● Exercise:
In the records below, count the lines that have "bounding" and answer with the number alone.

Source data:

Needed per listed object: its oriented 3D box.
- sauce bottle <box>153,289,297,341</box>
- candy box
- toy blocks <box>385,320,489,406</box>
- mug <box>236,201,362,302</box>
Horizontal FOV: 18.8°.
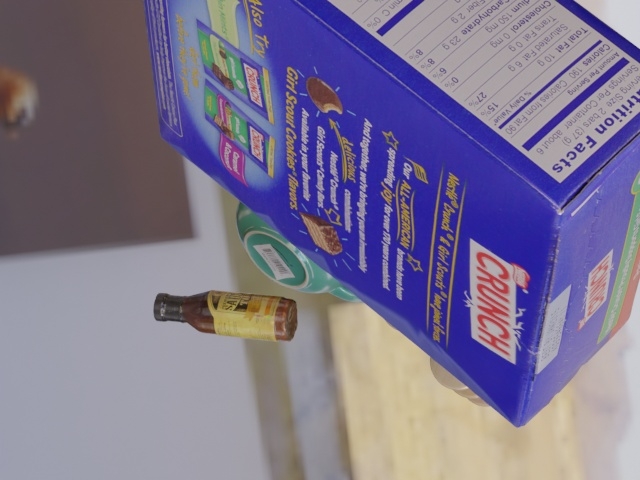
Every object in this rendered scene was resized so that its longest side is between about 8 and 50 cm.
[{"bbox_3d":[-0.085,0.065,1.719,0.042,0.128,0.042,5,90,-77],"label":"sauce bottle"},{"bbox_3d":[0.044,-0.074,1.130,0.317,0.122,0.268,41,-22,20],"label":"candy box"},{"bbox_3d":[0.120,0.092,1.726,0.123,0.054,0.148,49,6,22],"label":"toy blocks"},{"bbox_3d":[-0.003,-0.007,1.807,0.097,0.158,0.129,-49,158,-29],"label":"mug"}]
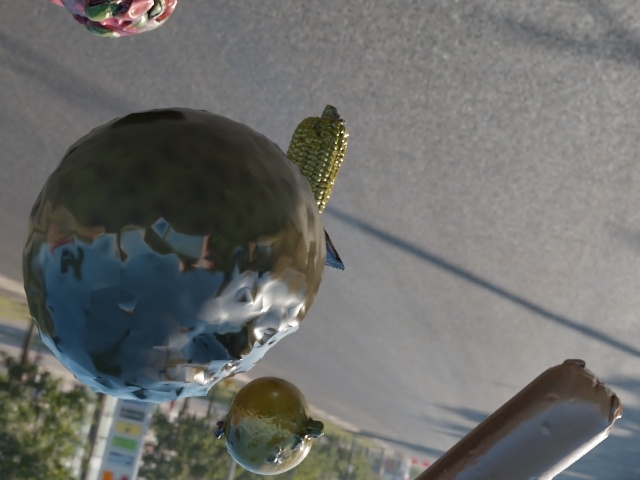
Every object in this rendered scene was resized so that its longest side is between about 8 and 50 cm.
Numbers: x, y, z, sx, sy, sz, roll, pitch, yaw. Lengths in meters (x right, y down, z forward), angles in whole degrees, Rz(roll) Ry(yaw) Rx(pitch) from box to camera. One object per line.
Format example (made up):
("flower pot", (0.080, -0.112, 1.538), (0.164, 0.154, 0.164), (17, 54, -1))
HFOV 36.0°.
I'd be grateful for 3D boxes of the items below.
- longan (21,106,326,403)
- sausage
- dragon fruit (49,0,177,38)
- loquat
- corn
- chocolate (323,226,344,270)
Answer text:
("longan", (-0.185, 0.021, 1.258), (0.391, 0.391, 0.391), (12, 168, 3))
("sausage", (0.180, 0.227, 0.996), (0.086, 0.086, 0.289), (22, 124, -37))
("dragon fruit", (-0.333, -0.461, 1.557), (0.237, 0.303, 0.231), (-42, 139, 23))
("loquat", (-0.085, 0.328, 1.742), (0.204, 0.172, 0.149), (1, 169, 31))
("corn", (-0.030, -0.115, 1.958), (0.119, 0.322, 0.119), (18, 177, 1))
("chocolate", (0.000, 0.000, 2.329), (0.086, 0.028, 0.182), (9, 141, 46))
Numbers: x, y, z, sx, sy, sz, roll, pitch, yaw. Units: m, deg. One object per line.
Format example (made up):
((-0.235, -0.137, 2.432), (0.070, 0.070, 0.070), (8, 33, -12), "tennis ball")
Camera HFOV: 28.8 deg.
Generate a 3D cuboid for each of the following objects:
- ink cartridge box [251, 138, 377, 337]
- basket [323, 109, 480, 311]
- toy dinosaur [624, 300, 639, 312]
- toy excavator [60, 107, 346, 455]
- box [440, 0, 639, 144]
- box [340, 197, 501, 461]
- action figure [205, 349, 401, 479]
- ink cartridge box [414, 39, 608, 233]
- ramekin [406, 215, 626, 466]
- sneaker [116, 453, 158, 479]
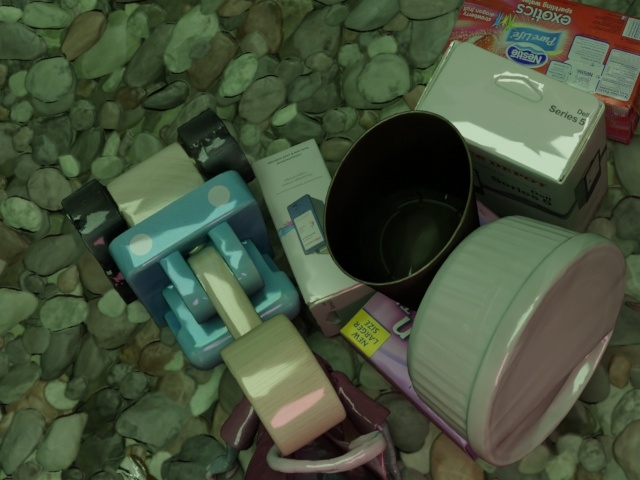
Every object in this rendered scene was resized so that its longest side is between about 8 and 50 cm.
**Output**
((0.000, 0.000, 1.613), (0.093, 0.154, 0.212), (-21, 67, 3), "ink cartridge box")
((0.111, -0.010, 1.423), (0.154, 0.227, 0.204), (17, 76, 21), "basket")
((0.468, 0.155, 1.421), (0.127, 0.200, 0.295), (-31, 67, 2), "toy dinosaur")
((-0.107, 0.068, 1.476), (0.222, 0.433, 0.445), (-33, 73, -8), "toy excavator")
((0.302, -0.235, 1.634), (0.257, 0.122, 0.128), (18, 77, 19), "box")
((0.189, 0.108, 1.551), (0.243, 0.117, 0.213), (-46, 68, -4), "box")
((-0.037, 0.232, 1.482), (0.248, 0.275, 0.370), (-10, 38, 1), "action figure")
((0.239, -0.107, 1.526), (0.198, 0.273, 0.114), (26, 80, 21), "ink cartridge box")
((0.207, 0.098, 1.354), (0.127, 0.273, 0.273), (29, 81, 32), "ramekin")
((-0.235, 0.321, 1.635), (0.037, 0.032, 0.083), (-47, 62, 10), "sneaker")
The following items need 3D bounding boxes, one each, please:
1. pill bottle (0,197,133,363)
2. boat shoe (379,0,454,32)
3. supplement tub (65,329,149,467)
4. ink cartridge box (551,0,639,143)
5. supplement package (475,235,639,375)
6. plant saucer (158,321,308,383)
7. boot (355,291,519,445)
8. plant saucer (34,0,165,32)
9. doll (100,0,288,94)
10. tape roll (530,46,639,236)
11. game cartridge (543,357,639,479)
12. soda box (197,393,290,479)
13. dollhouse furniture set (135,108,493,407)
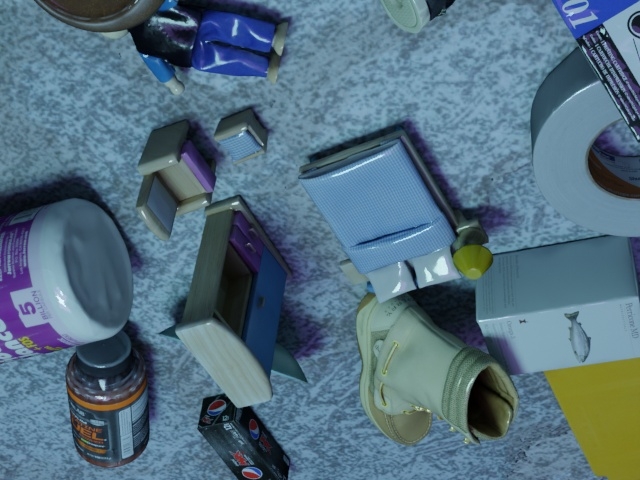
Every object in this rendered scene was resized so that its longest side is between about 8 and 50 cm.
[{"bbox_3d":[-0.386,0.063,1.378,0.302,0.169,0.169,-14,130,19],"label":"pill bottle"},{"bbox_3d":[0.070,-0.304,1.053,0.079,0.084,0.233,-33,124,-15],"label":"boat shoe"},{"bbox_3d":[-0.278,0.201,1.543,0.106,0.106,0.197,6,133,1],"label":"supplement tub"},{"bbox_3d":[0.277,-0.201,1.069,0.097,0.046,0.207,-30,100,18],"label":"ink cartridge box"},{"bbox_3d":[0.277,0.076,1.355,0.179,0.105,0.105,-11,131,16],"label":"supplement package"},{"bbox_3d":[-0.102,0.130,1.452,0.195,0.037,0.195,19,173,2],"label":"plant saucer"},{"bbox_3d":[0.144,0.192,1.421,0.203,0.095,0.262,34,145,40],"label":"boot"},{"bbox_3d":[-0.219,-0.271,1.109,0.169,0.029,0.168,4,120,7],"label":"plant saucer"},{"bbox_3d":[-0.132,-0.200,1.181,0.189,0.046,0.129,12,133,-5],"label":"doll"},{"bbox_3d":[0.325,-0.106,1.200,0.219,0.072,0.219,4,133,4],"label":"tape roll"},{"bbox_3d":[0.471,0.193,1.489,0.324,0.052,0.285,-13,131,22],"label":"game cartridge"},{"bbox_3d":[-0.105,0.284,1.635,0.060,0.053,0.169,-14,130,20],"label":"soda box"},{"bbox_3d":[0.000,0.000,1.252,0.303,0.198,0.286,-17,129,21],"label":"dollhouse furniture set"}]
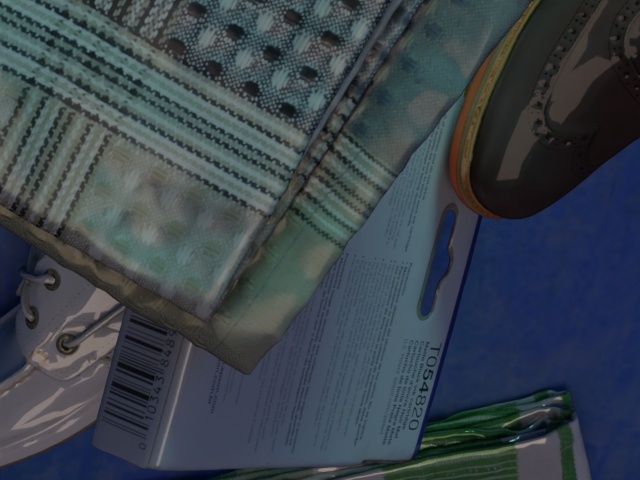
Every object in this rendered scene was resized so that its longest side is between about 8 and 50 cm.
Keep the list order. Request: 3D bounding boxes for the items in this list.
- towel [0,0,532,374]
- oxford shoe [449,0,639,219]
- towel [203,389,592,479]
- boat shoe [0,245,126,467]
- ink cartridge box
[{"bbox_3d":[-0.067,-0.145,0.748,0.324,0.056,0.312,32,95,-17],"label":"towel"},{"bbox_3d":[0.171,-0.105,0.921,0.271,0.098,0.097,-48,130,9],"label":"oxford shoe"},{"bbox_3d":[0.015,0.226,1.171,0.324,0.038,0.248,-14,124,0],"label":"towel"},{"bbox_3d":[-0.115,0.023,0.994,0.277,0.098,0.096,-31,121,0],"label":"boat shoe"},{"bbox_3d":[0.000,0.000,0.919,0.224,0.045,0.223,10,96,-56],"label":"ink cartridge box"}]

● Response:
2